### Exercise brief:
An exact restatement of the entire listing is needed, excluding all images.

### Listed entries:
※ ※ ※
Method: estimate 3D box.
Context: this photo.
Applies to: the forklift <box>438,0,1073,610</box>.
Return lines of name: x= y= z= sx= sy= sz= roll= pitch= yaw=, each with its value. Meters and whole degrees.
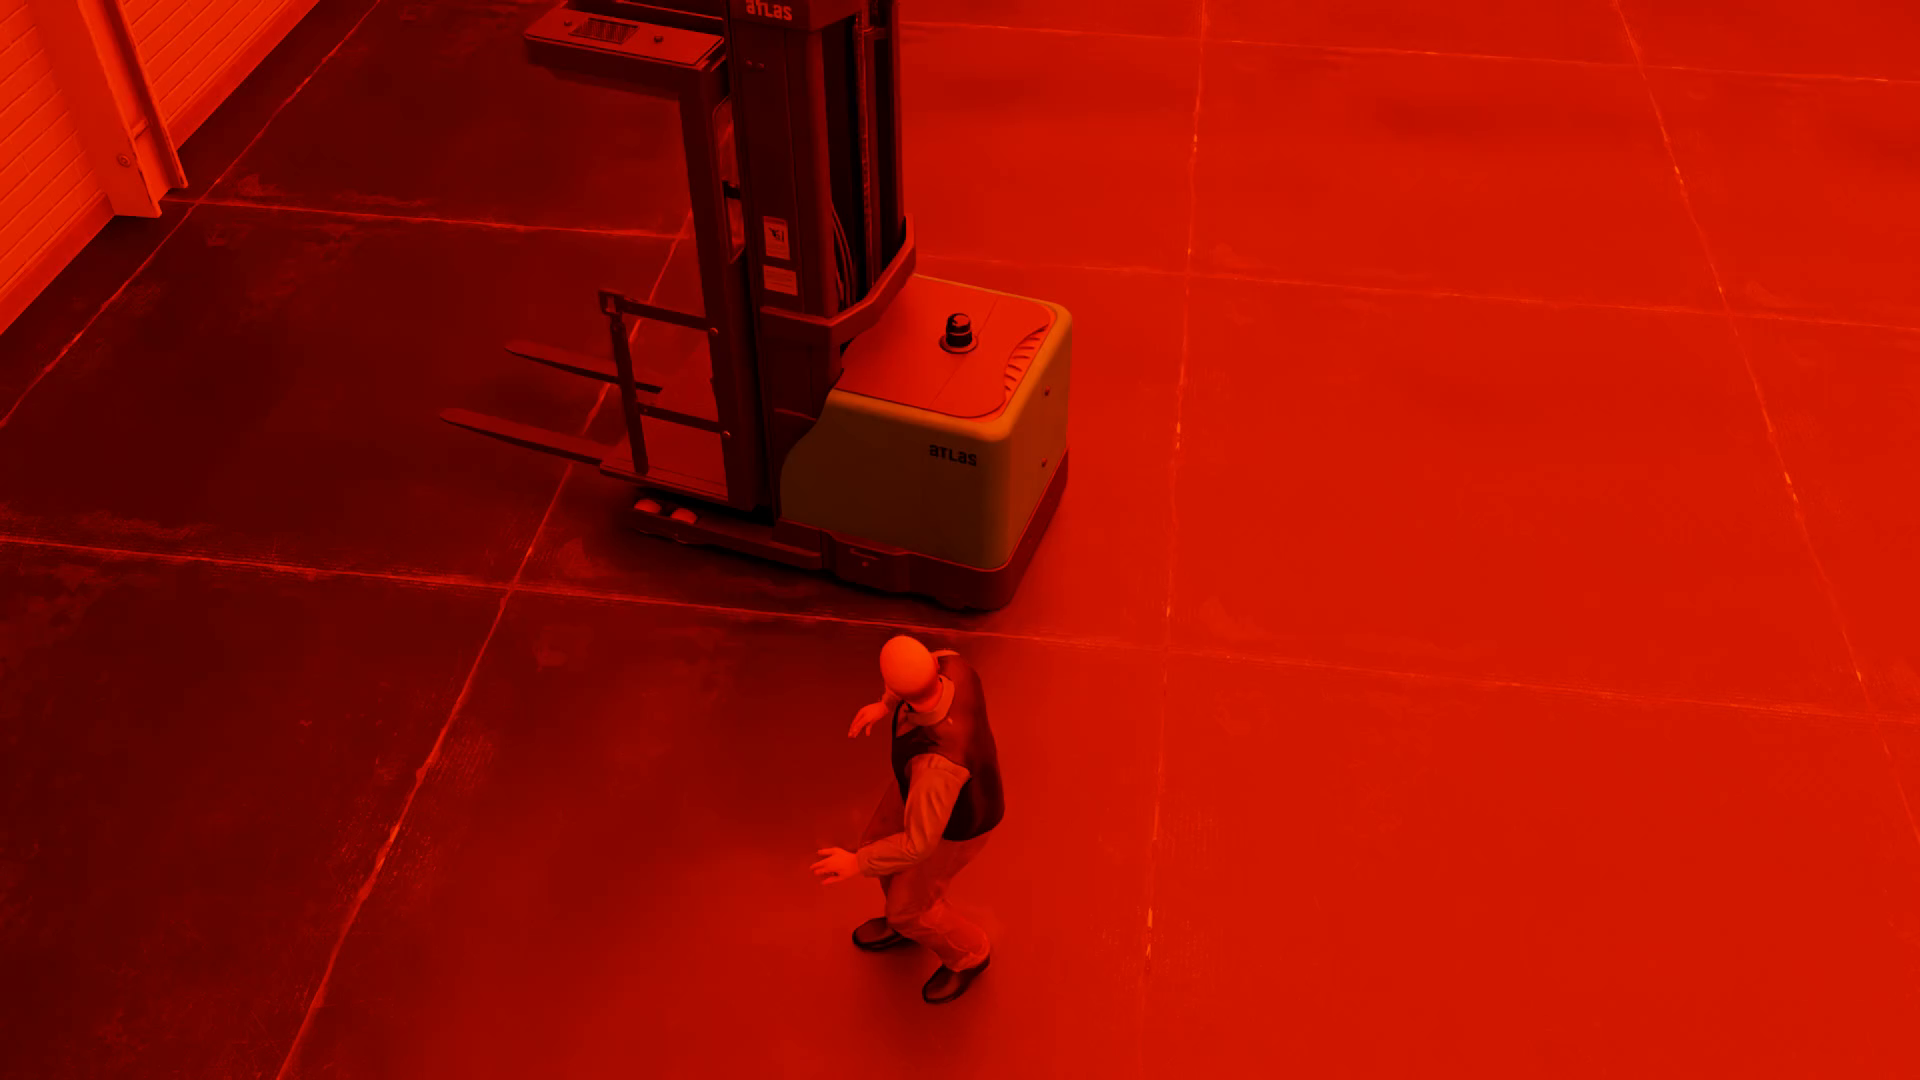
forklift: x=-1.051 y=-1.383 z=7.229 sx=3.031 sy=2.935 sz=1.130 roll=14 pitch=44 yaw=15

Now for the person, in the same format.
person: x=-0.193 y=0.934 z=5.677 sx=0.694 sy=1.660 sz=0.770 roll=-8 pitch=43 yaw=-8
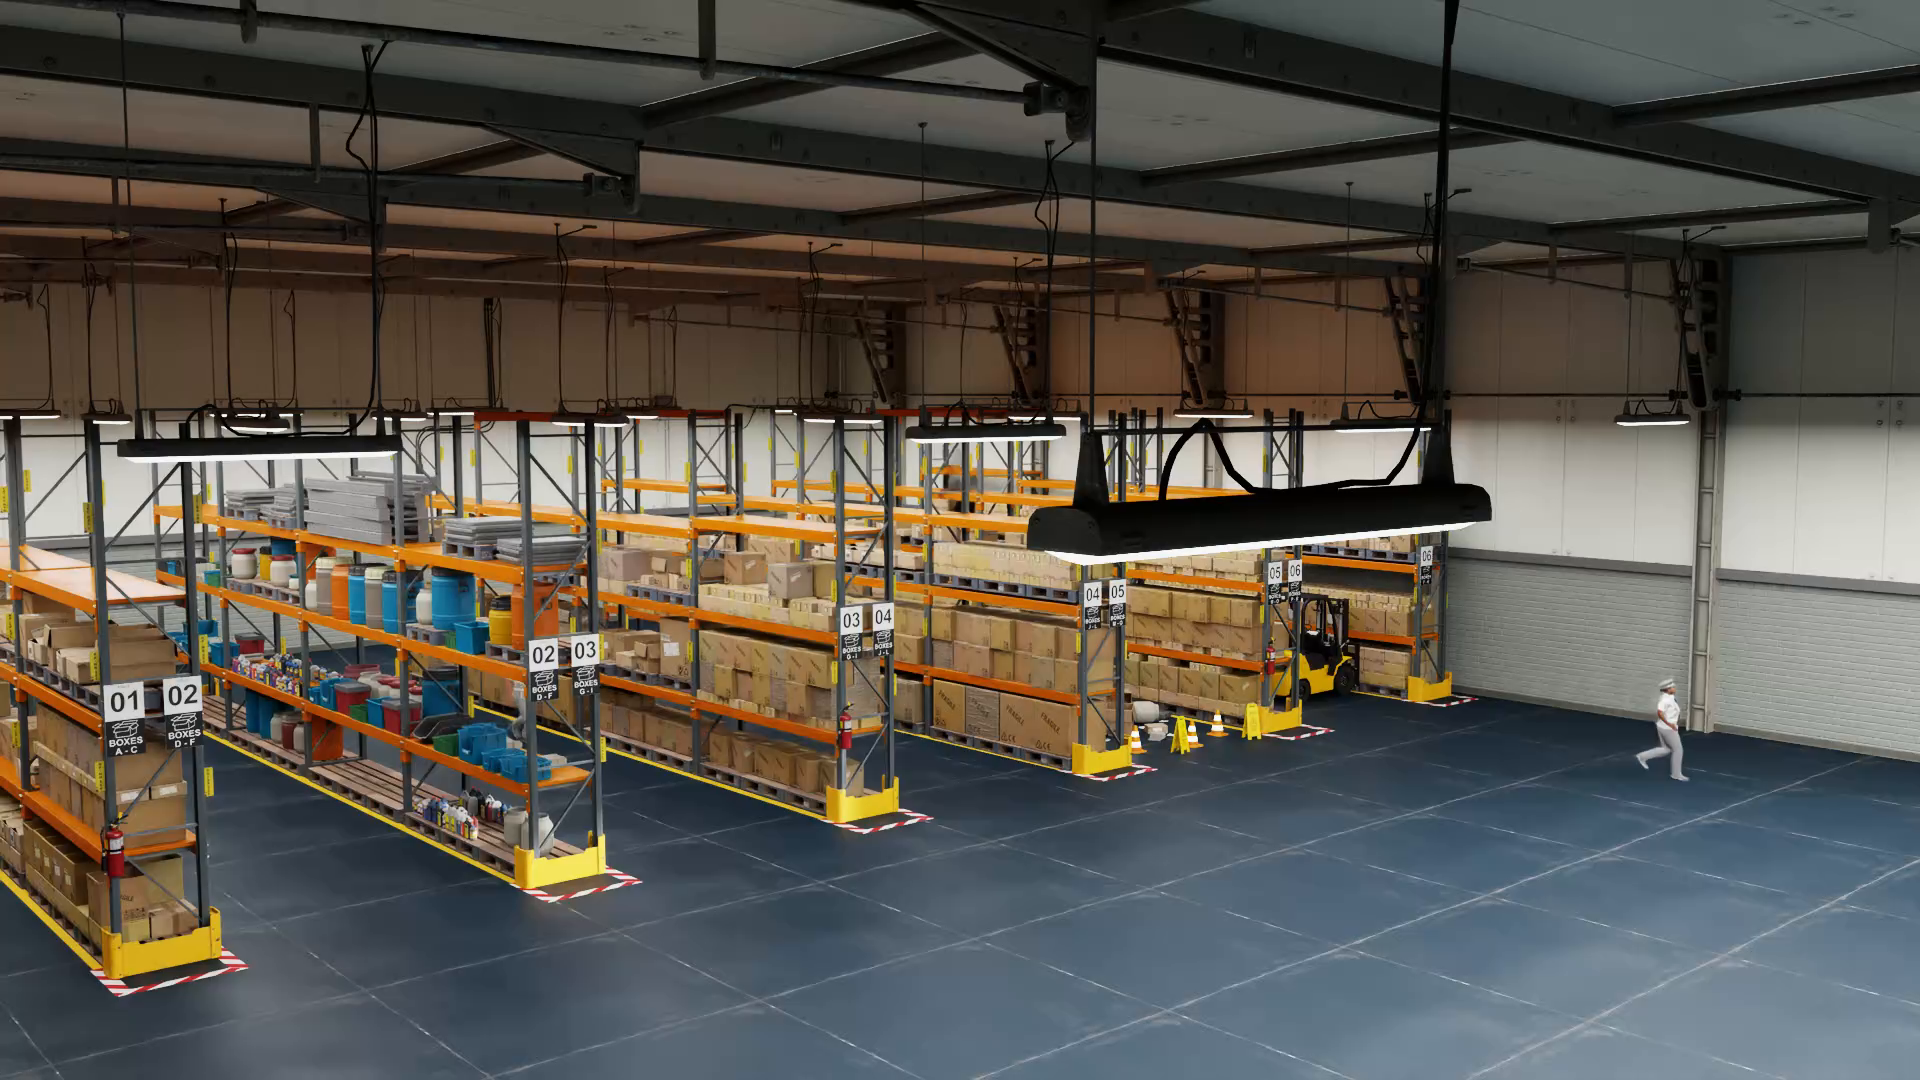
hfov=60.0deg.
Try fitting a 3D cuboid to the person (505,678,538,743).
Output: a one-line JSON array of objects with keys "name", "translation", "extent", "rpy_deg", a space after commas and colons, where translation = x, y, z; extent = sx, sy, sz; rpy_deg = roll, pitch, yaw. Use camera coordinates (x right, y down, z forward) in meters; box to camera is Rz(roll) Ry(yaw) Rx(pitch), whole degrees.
[{"name": "person", "translation": [-7.838, 2.827, 30.109], "extent": [0.631, 1.726, 0.653], "rpy_deg": [5, 7, 44]}]

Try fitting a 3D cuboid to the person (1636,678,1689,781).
[{"name": "person", "translation": [11.590, 3.108, 27.334], "extent": [0.803, 1.696, 0.579], "rpy_deg": [1, 5, 14]}]

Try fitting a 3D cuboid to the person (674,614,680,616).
[{"name": "person", "translation": [-5.904, 2.365, 34.975], "extent": [0.714, 1.754, 1.034], "rpy_deg": [-4, 6, -39]}]
※ ※ ※
### Task result:
Method: estimate 3D box.
Context: this photo.
Applies to: the forklift <box>438,0,1073,610</box>.
Return lines of name: x= y= z= sx= sy= sz= roll= pitch= yaw=, each with its value. Meters and whole degrees.
forklift: x=-1.051 y=-1.383 z=7.229 sx=3.031 sy=2.935 sz=1.130 roll=14 pitch=44 yaw=15

Now for the person, in the same format.
person: x=-0.193 y=0.934 z=5.677 sx=0.694 sy=1.660 sz=0.770 roll=-8 pitch=43 yaw=-8
hfov=60.0deg.
Try fitting a 3D cuboid to the person (505,678,538,743).
Output: a one-line JSON array of objects with keys "name", "translation", "extent", "rpy_deg", a space after commas and colons, where translation = x, y, z; extent = sx, sy, sz; rpy_deg = roll, pitch, yaw. Use camera coordinates (x right, y down, z forward) in meters; box to camera is Rz(roll) Ry(yaw) Rx(pitch), whole degrees.
[{"name": "person", "translation": [-7.838, 2.827, 30.109], "extent": [0.631, 1.726, 0.653], "rpy_deg": [5, 7, 44]}]

Try fitting a 3D cuboid to the person (1636,678,1689,781).
[{"name": "person", "translation": [11.590, 3.108, 27.334], "extent": [0.803, 1.696, 0.579], "rpy_deg": [1, 5, 14]}]

Try fitting a 3D cuboid to the person (674,614,680,616).
[{"name": "person", "translation": [-5.904, 2.365, 34.975], "extent": [0.714, 1.754, 1.034], "rpy_deg": [-4, 6, -39]}]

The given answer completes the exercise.